- _Records drawn from a dataset_:
↓

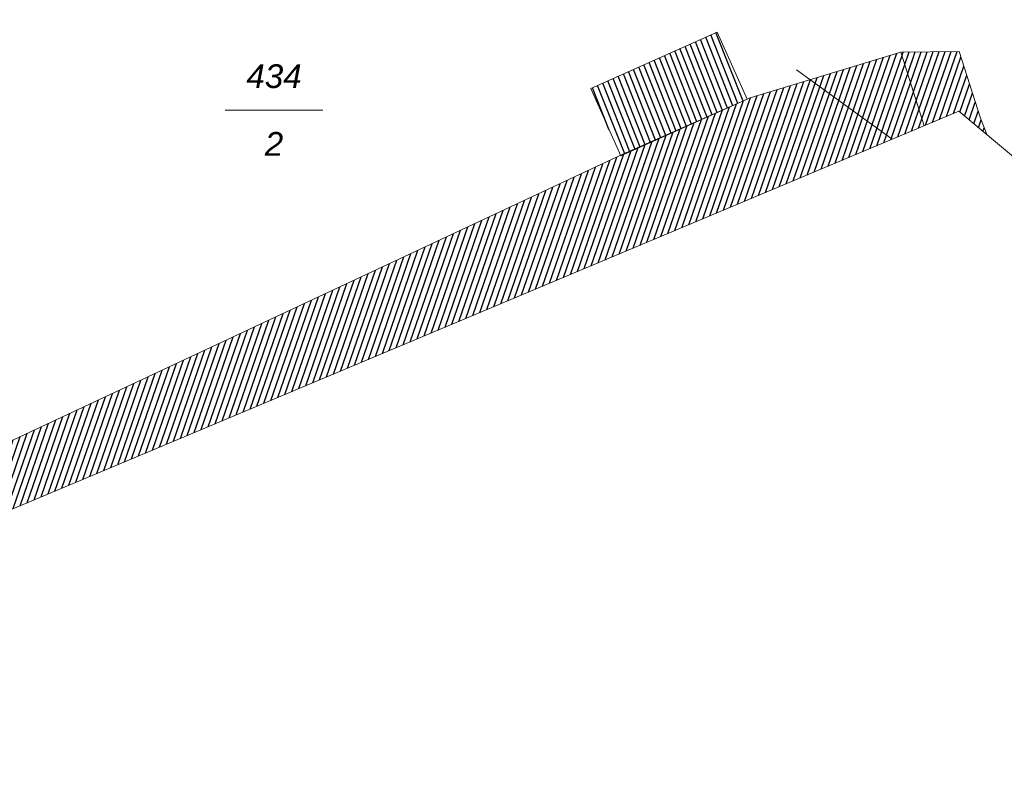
# Model space of a CAD drawing. Header units: metres. Extents: x 345144 to 348639, y 5629211 to 5635235.
# Tile 47 of 256: x 345598 to 345633, y 5631674 to 5631701. Entities that reach past the tile are written whole.
import ezdxf
from ezdxf.enums import TextEntityAlignment as Align

# ---------------------------------------------------------------- set-up
doc = ezdxf.new("R2010")
doc.units = ezdxf.units.M
doc.header["$MEASUREMENT"] = 0
for name, color, linetype in [('028 Geländeform', 7, 'Continuous'), ('AX Flurstück', 7, 'Continuous'), ('AX Gebäude', 7, 'Continuous'), ('Blatt', 7, 'Continuous'), ('Definitionslinie', 7, 'Continuous'), ('Gemeinde Lokation', 7, 'Continuous'), ('MG Präsentationsobjekt - Linie', 7, 'Continuous'), ('Ortsteil Lokation', 7, 'Continuous'), ('Präsentationsobjekt -Text (punktförmig)', 7, 'Continuous')]:
    doc.layers.add(name, color=color, linetype=linetype)
doc.styles.add('ARIALIT', font='ariali.ttf', dxfattribs={"height": 1})
pattern_1 = [(250.9552151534, (0, 0), (0.1890527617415, -0.065261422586), [])]

msp = doc.modelspace()

# ---------------------------------------------------------------- hatches: boundary and pattern name
at = {"layer": '028 Geländeform', "true_color": 0xb27500}
h = msp.add_hatch(dxfattribs=at)
h.set_pattern_fill('_USER', color=44, scale=0.2, angle=250.9552152, style=0, pattern_type=0)
h.set_pattern_definition(pattern_1)
h.paths.add_polyline_path([(345584.104, 5631677.451), (345582.106, 5631679.804), (345584.034, 5631681.311), (345584.034, 5631681.311), (345584.646625, 5631681.629125), (345585.268922, 5631681.910828), (345585.891219, 5631682.192531), (345586.523188, 5631682.437813), (345587.155156, 5631682.683094), (345587.796797, 5631682.891953), (345588.438438, 5631683.100813), (345589.08975, 5631683.27325), (345589.741063, 5631683.445687), (345590.402047, 5631683.581703), (345591.063031, 5631683.717719), (345591.733688, 5631683.817312), (345592.404344, 5631683.916906), (345593.084672, 5631683.980078), (345593.765, 5631684.04325), (345594.455, 5631684.07), (345594.455, 5631684.07), (345619.704, 5631695.899), (345624.223, 5631697.91), (345629.585, 5631699.532), (345630.406, 5631696.907), (345588.233, 5631679.186), (345587.978, 5631679.156), (345587.389, 5631678.831)], flags=0)
h = msp.add_hatch(dxfattribs=at)
h.set_pattern_fill('_USER', color=44, scale=0.2, angle=250.9552152, style=0, pattern_type=0)
h.set_pattern_definition(pattern_1)
h.paths.add_polyline_path([(345631.641, 5631697.426), (345630.406, 5631696.907), (345629.585, 5631699.532), (345631.65, 5631699.557), (345632.409, 5631697.187), (345632.653, 5631696.58)], flags=0)
at = {"layer": 'AX Gebäude', "true_color": 0x4f4f4f}
h = msp.add_hatch(dxfattribs=at)
h.set_pattern_fill('_USER', color=251, scale=0.2, angle=111.5294118, style=0, pattern_type=0)
h.set_pattern_definition([(111.5294117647, (0, 0), (-0.186045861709, -0.07339575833), [])])
h.paths.add_polyline_path([(345618.561, 5631698.236), (345623.059, 5631700.244), (345624.126, 5631697.854), (345619.628, 5631695.846)], flags=0)

# ---------------------------------------------------------------- linework, layer by layer
at = {"layer": 'AX Flurstück', "color": 8, "linetype": 'Continuous', "lineweight": 13, "true_color": 0x808080, "flags": 128}
msp.add_lwpolyline([(345584.104, 5631677.451), (345577.363, 5631685.39), (345576.302, 5631687.145), (345619.222, 5631717.771), (345627.629, 5631723.47), (345628.23, 5631721.169), (345630.296, 5631715.374), (345637.707, 5631700.038), (345639.581, 5631695.98), (345635.324, 5631694.347), (345631.641, 5631697.426), (345584.104, 5631677.451)], dxfattribs=at)
at = {"layer": 'AX Gebäude', "color": 7, "linetype": 'Continuous', "lineweight": 5, "flags": 128}
msp.add_lwpolyline([(345618.561, 5631698.236), (345623.059, 5631700.244), (345624.126, 5631697.854), (345619.628, 5631695.846), (345618.561, 5631698.236)], dxfattribs=at)
at = {"layer": 'Blatt', "color": 205, "linetype": 'Continuous', "lineweight": 5, "true_color": 0x873099, "flags": 128}
msp.add_lwpolyline([(345584.104, 5631677.451), (345518.715, 5631754.457), (345896.548, 5631743.817), (345892.72, 5631607.92), (345882.862, 5631617.924), (345874.634, 5631642.43), (345860.336, 5631698.053), (345854.261, 5631714.326), (345851.905, 5631735.69), (345765.089, 5631714.964), (345693.262, 5631703.408), (345637.915, 5631692.181), (345631.641, 5631697.426), (345584.104, 5631677.451)], dxfattribs=at)
at = {"layer": 'Definitionslinie', "color": 44, "linetype": 'Continuous', "lineweight": 5, "true_color": 0xb27500, "flags": 128}
for points in [[(345624.223, 5631697.91), (345629.585, 5631699.532)], [(345629.585, 5631699.532), (345631.65, 5631699.557)], [(345629.585, 5631699.532), (345630.40555, 5631696.906865)], [(345629.585, 5631699.532), (345630.40555, 5631696.906865)], [(345631.65, 5631699.557), (345632.409, 5631697.187)], [(345619.704, 5631695.899), (345624.223, 5631697.91)], [(345632.409, 5631697.187), (345632.653453, 5631696.5796)], [(345594.455, 5631684.07), (345619.704, 5631695.899)]]:
    msp.add_lwpolyline(points, dxfattribs=at)
at = {"layer": 'Gemeinde Lokation', "color": 7, "linetype": 'Continuous', "lineweight": 5, "flags": 128}
msp.add_lwpolyline([(345896.873, 5631480.826), (345894.943, 5631530.127), (345896.135, 5631562.44), (345895.074, 5631605.532), (345882.862, 5631617.924), (345874.634, 5631642.43), (345860.336, 5631698.053), (345854.261, 5631714.326), (345851.905, 5631735.69), (345765.089, 5631714.964), (345693.262, 5631703.408), (345637.915, 5631692.181), (345631.641, 5631697.426), (345584.104, 5631677.451), (345516.682, 5631756.851), (345436.232, 5631808.211)], dxfattribs=at)
at = {"layer": 'MG Präsentationsobjekt - Linie', "color": 251, "linetype": 'Continuous', "lineweight": 13, "true_color": 0x5e5e5e, "flags": 128}
msp.add_lwpolyline([(345629.274485, 5631696.431593), (345625.871, 5631698.899)], dxfattribs=at)
at = {"layer": 'Ortsteil Lokation', "color": 7, "linetype": 'Continuous', "lineweight": 5, "flags": 128}
msp.add_lwpolyline([(345896.873, 5631480.826), (345894.943, 5631530.127), (345896.135, 5631562.44), (345895.074, 5631605.532), (345882.862, 5631617.924), (345874.634, 5631642.43), (345860.336, 5631698.053), (345854.261, 5631714.326), (345851.905, 5631735.69), (345765.089, 5631714.964), (345693.262, 5631703.408), (345637.915, 5631692.181), (345631.641, 5631697.426), (345584.104, 5631677.451), (345516.682, 5631756.851), (345436.232, 5631808.211)], dxfattribs=at)
at = {"layer": 'Präsentationsobjekt -Text (punktförmig)', "color": 251, "linetype": 'Continuous', "lineweight": 13, "true_color": 0x5e5e5e, "flags": 128}
msp.add_lwpolyline([(345605.5684, 5631697.47152), (345609.0496, 5631697.47152)], dxfattribs=at)

# ---------------------------------------------------------------- texts
at = {"layer": 'Präsentationsobjekt -Text (punktförmig)', "color": 8, "true_color": 0x808080, "style": 'ARIALIT'}
for s, p in [('434', (345607.309, 5631698.67488)), ('2', (345607.309, 5631696.26816))]:
    msp.add_text(s, height=0.8421, dxfattribs=at).set_placement(p, align=Align.MIDDLE_CENTER)

doc.saveas('drawing.dxf')

↑

- _TASK REQUIREMENTS_:
Please go through the data above and copy each line containing the word "Align".

- _ANSWER FOR THE TASK_:
from ezdxf.enums import TextEntityAlignment as Align
    msp.add_text(s, height=0.8421, dxfattribs=at).set_placement(p, align=Align.MIDDLE_CENTER)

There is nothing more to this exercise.